This methodology article is for an old version of our club soccer forecasts. See how our latest club soccer predictions work.

Today we’re publishing FiveThirtyEight’s club soccer predictions interactive, which includes team ratings, odds for upcoming matches and forecasts for the top five European domestic soccer leagues — the Premier League (England), La Liga (Spain), Bundesliga (Germany), Serie A (Italy) and Ligue 1 (France) — along with the UEFA Champions League, Europe’s premier club competition. Our forecasts are available in both English and Spanish, and we‘ll be adding more leagues in the future, likely starting in a few months with Liga MX, MLS and NWSL.
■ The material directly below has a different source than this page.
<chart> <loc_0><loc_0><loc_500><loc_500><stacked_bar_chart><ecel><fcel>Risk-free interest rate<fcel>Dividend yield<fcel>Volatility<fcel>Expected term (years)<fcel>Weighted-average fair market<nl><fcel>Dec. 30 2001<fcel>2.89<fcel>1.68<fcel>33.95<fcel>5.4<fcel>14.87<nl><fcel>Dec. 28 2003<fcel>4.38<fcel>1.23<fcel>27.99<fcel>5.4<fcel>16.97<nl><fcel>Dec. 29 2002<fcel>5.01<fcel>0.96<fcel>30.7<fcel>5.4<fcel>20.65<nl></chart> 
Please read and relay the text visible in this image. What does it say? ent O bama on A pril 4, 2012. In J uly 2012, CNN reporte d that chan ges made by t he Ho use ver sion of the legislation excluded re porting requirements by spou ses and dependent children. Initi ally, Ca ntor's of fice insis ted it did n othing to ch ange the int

The forecasts are based on a substantially revised version of ESPN’s Soccer Power Index (SPI), a rating system originally devised by FiveThirtyEight editor-in-chief Nate Silver in 2009 for rating international soccer teams and last revised for the 2014 World Cup. For the interactive, we have updated and adapted SPI to incorporate club soccer scores going back to 1888 (from more than 550,000 matches in all),1 as well as newer play-by-play data from Opta that has been available since summer 2010.

In SPI, each team is assigned an offensive and defensive rating, expressed in terms of number of goals it would expect to score and yield against a middling team — so a high offensive rating is good, and a high defensive rating is bad.2 Given the ratings for any two teams, we can project the result of a match between them in a variety of formats — such as a league match, a home-and-away tie or a cup final — as well as simulate whole seasons to arrive at the probability each team will win the league, qualify for the Champions League or be relegated to a lower division. After every match, a team’s ratings are adjusted based on its performance in that match and the strength of its opponent. Unlike with the Elo rating system we use in several other sports, when a soccer team wins a match but performs worse than expected, its ratings decline.
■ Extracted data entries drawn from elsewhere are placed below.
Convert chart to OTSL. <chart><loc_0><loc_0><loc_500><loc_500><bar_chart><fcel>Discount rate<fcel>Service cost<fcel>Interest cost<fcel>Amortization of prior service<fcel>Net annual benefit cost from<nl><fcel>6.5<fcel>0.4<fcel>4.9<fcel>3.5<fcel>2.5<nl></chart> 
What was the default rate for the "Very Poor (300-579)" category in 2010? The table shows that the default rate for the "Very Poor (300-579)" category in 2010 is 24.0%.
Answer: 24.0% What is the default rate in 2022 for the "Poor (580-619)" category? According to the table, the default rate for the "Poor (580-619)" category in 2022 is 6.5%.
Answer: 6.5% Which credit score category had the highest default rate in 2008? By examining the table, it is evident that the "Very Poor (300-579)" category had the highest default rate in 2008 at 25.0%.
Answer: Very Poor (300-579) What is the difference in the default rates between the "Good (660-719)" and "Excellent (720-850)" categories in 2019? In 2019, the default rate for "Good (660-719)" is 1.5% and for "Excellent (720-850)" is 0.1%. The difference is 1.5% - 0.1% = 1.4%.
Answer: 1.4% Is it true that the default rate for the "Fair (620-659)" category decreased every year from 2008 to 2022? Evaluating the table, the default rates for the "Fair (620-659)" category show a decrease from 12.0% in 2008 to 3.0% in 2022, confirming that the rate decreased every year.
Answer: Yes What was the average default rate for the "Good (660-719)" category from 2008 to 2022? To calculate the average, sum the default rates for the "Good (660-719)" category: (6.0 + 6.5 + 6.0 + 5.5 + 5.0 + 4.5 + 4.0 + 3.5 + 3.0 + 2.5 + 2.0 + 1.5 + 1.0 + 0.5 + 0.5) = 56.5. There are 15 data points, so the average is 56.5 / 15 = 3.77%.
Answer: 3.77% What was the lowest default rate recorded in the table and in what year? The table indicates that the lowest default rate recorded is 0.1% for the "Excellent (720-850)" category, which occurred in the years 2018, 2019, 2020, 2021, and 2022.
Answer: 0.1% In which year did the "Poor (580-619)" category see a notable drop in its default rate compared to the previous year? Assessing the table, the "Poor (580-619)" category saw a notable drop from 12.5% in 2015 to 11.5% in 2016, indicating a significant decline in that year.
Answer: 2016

Underlying quality of play

Soccer can be tricky to model because there are so few goals scored in each match. The final scoreline fairly often will disagree with most people’s impressions of the quality of each team’s play, and the low-scoring nature of the sport sometimes will lead to prolonged periods of luck, where a team may be getting good results despite playing poorly (or vice versa).

To mitigate this randomness, and better estimate each team’s underlying quality of play, we’re using four metrics to evaluate a team’s performance after each match: goals, adjusted goals, shot-based expected goals and non-shot expected goals.
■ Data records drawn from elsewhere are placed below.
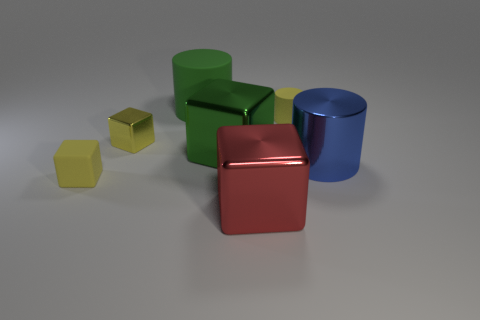Can you describe the colors and materials of the objects in the image? Certainly! The image displays objects with reflective surfaces indicating they are metallic. Specifically, we see a red and a green cube with shiny finishes, a blue cylinder with a similar reflective quality, and two smaller matte cubes, one yellow and another that appears to be a shade of yellowish-green or olive. 
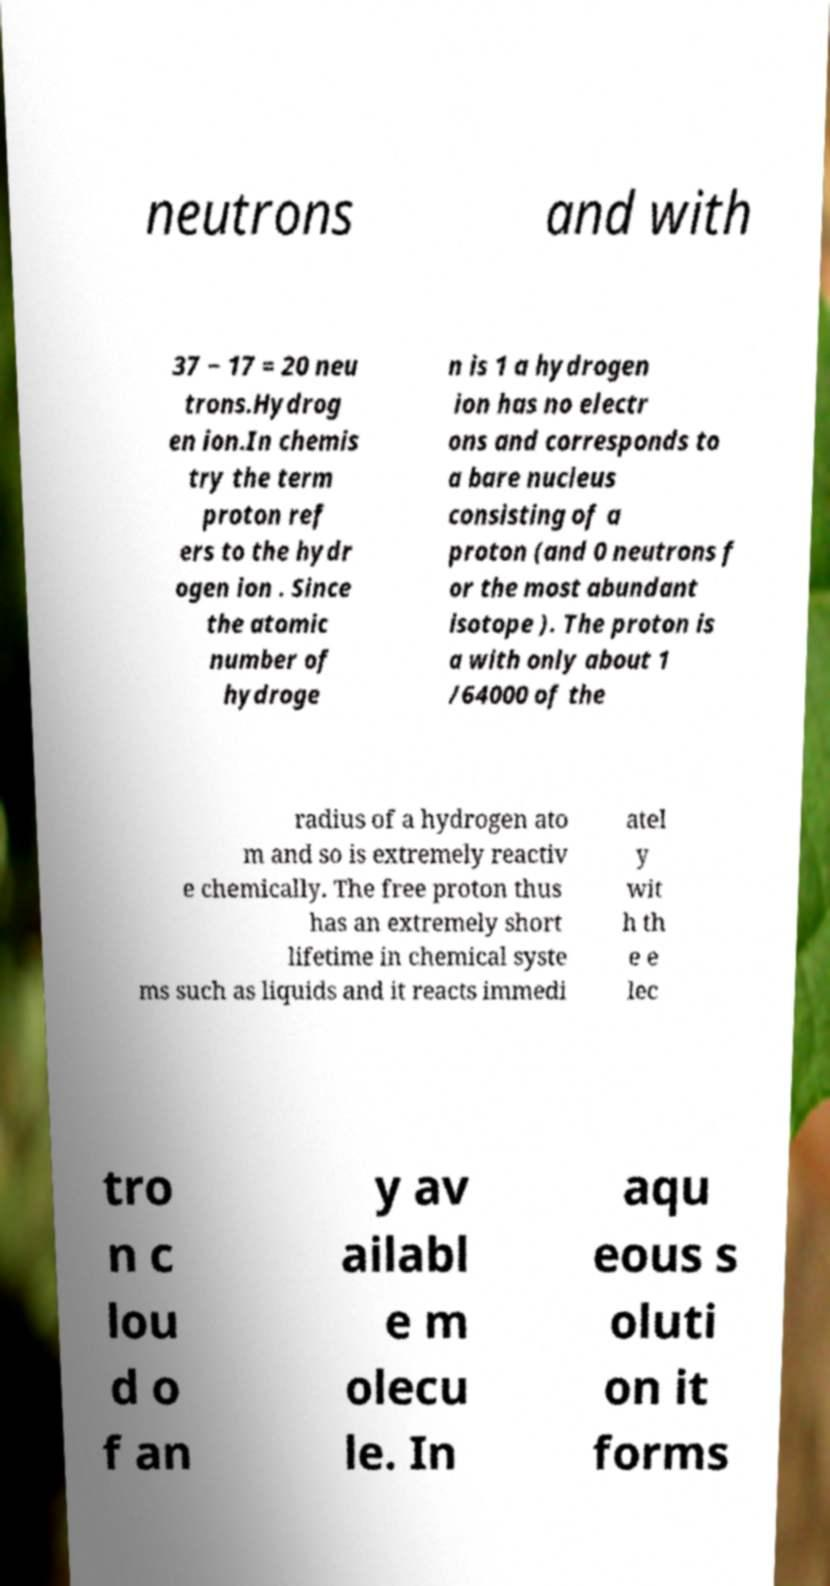Could you assist in decoding the text presented in this image and type it out clearly? neutrons and with 37 − 17 = 20 neu trons.Hydrog en ion.In chemis try the term proton ref ers to the hydr ogen ion . Since the atomic number of hydroge n is 1 a hydrogen ion has no electr ons and corresponds to a bare nucleus consisting of a proton (and 0 neutrons f or the most abundant isotope ). The proton is a with only about 1 /64000 of the radius of a hydrogen ato m and so is extremely reactiv e chemically. The free proton thus has an extremely short lifetime in chemical syste ms such as liquids and it reacts immedi atel y wit h th e e lec tro n c lou d o f an y av ailabl e m olecu le. In aqu eous s oluti on it forms 
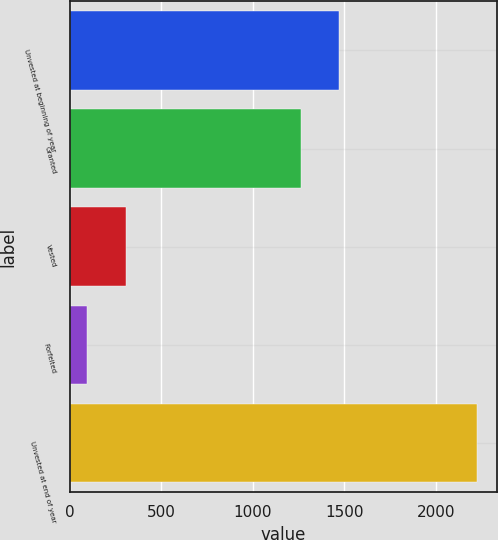<chart> <loc_0><loc_0><loc_500><loc_500><bar_chart><fcel>Unvested at beginning of year<fcel>Granted<fcel>Vested<fcel>Forfeited<fcel>Unvested at end of year<nl><fcel>1473.8<fcel>1261<fcel>307.8<fcel>95<fcel>2223<nl></chart>

The first is simply how many goals a team scored in the match. The second, adjusted goals, accounts for the conditions under which each goal was scored. For adjusted goals, we reduce the value of goals scored when a team has more players on the field,3 as well as goals scored late in a match when a team is already leading.4 We increased the value of all other goals to make the total number of adjusted goals add up to the total number of goals scored.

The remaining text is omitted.